Le 10 mai 2003, avec la signature du décret 2003-01, ce centre a été érigé en établissement public de santé de niveau 3, ce qui exige une meilleure gestion de ses ressources humaines. Il est depuis lors sous tutelle administrative de la Ville de Dakar, sous tutelle technique du Ministère de la Santé et sous tutelle financière du Ministère des Finances.
Une mosquée construite par un blanc
Alfred Goux n’a pas seulement voulu doter de la localité d’un hôpital, il a également tenu à faire en sorte que tous les citoyens de cette localité, toutes confessions, puissent vivre pleinement leur foi.

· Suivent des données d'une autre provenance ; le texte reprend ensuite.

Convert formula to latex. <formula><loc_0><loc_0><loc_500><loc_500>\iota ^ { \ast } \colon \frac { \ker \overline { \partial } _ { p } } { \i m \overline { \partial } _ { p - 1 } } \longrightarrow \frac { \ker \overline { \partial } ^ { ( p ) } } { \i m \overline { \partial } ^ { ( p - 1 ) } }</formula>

C’est pourquoi, à la Gueule-Tapée, la plupart des grandes familles religieuses ont des domiciles dans la localité. D’ailleurs, c’est El Hadji Abdou Aziz Sy Dabakh qui a fait la pose de la première pierre de la mosquée entre 1974 et 1975 avant de diriger la première prière. “Tous les grands dignitaires religieux étaient présents dans la cité. Mais, c’est Ousmane Diop Coumba Pathé qui a donné ses terres pour construire une mosquée. C’est le premier maire, Afred Goux, qui a construit la mosquée de Gueule-Tapée”, témoigne l’Imam de cette localité.

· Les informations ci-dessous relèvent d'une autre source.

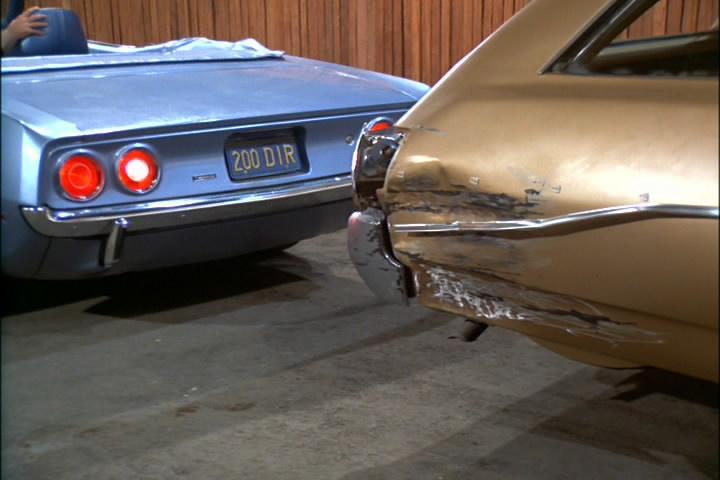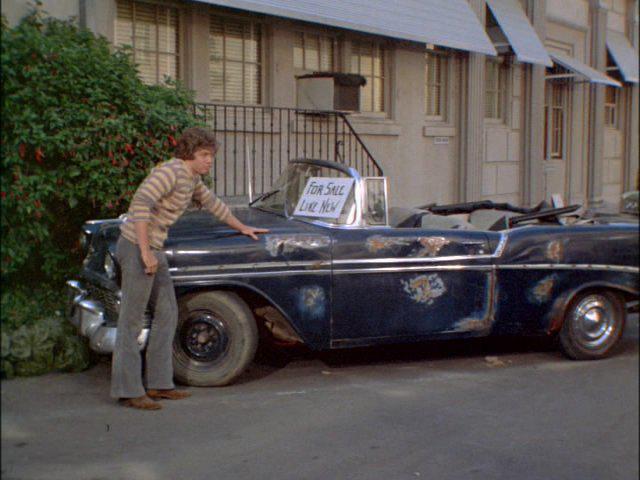The first image is the image on the left, the second image is the image on the right. Evaluate the accuracy of this statement regarding the images: "In the right image, there is a blue convertible facing the right". Is it true? Answer yes or no. No.

Quand la coquetterie féminine déteint sur le marché de la localité
La Gueule-Tapée est aussi célèbre pour son marché, connu sous le nom de “marché Ndokett”. Il était le lieu de convergence des vendeuses ou des férues de “Ndokett”, un accoutrement féminin en vogue à l’époque. L’une des plus âgées du quartier, connue sous le nom de mère Awa Diouf, explique : “À notre époque, les femmes s’habillaient toutes en ‘Ndokett’, une couture qui était à la mode en ce temps. Même les vendeuses étaient en ‘Ndokett’. On assistait finalement à un défilé de ‘Ndokett’ chaque jour au marché. Et finalement, l’appellation de ‘Marché Ndokett’ s’est imposée d’elle-même », raconte-t-elle, fièrement.
Aujourd’hui, en plus de ce marché, Gueule Tapée a son ‘louma’ (marché hebdomadaire) qui refuse du monde tous les mercredis. Étudiants, commerçants, acheteurs, tout le monde s’y retrouve pour faire ses achats ‘Rue sans lois’
Toutefois, comme les quartiers périphériques de Dakar, Gueule Tapée souffre d’un problème d’assainissement. Durant l’hivernage, la cité change complètement de visage. Des eaux stagnent partout et les égouts déversent leur trop-plein de charge, avec une odeur pestilentielle. À ce problème, s’ajoute le niveau de pauvreté et de chômage. ‘Il n’y a pas d’emplois à la Gueule-Tapée. Les femmes vont chaque jour, tôt le matin, au marché, reviennent avec de la marchandise et vendent devant leurs maisons. Il y a des étals devant chaque maison, car les femmes ne veulent pas croiser les bras’ renseigne Latyr Diagne, conseiller du maire.
Mais, certains jeunes, oisifs, se sont laissés tenter par la délinquance. Un quartier de la Gueule-Tapée a même fini de s’appeler ‘Rue sans lois’ et les forces de sécurité ne cessent d’y effectuer des descentes inopinées.
La Gueule tapée, c’est aussi un problème environnemental. ‘Gueule-Tapée est calée entre deux Canaux (canal 4 et le canal Gueule-tapée). La cité est aussi un peu désertique. Ceux qui sont à l’intérieur ne se rendent même pas compte que ce quartier a des problèmes d’arbres. Il faut qu’on plante des arbres à la Gueule-Tapée. Suite à la réfection des routes, beaucoup d’arbres sont tombés’, informe M. Diagne.
Aujourd’hui, la commune de Gueule-Tapée est un des quartiers les plus densément peuplés de Dakar. Un quartier, où il faisait bon vivre, dont l’histoire est indissociable avec celui du reptile qui lui donna son nom. Cependant, la cité peine à relever ses innombrables défis.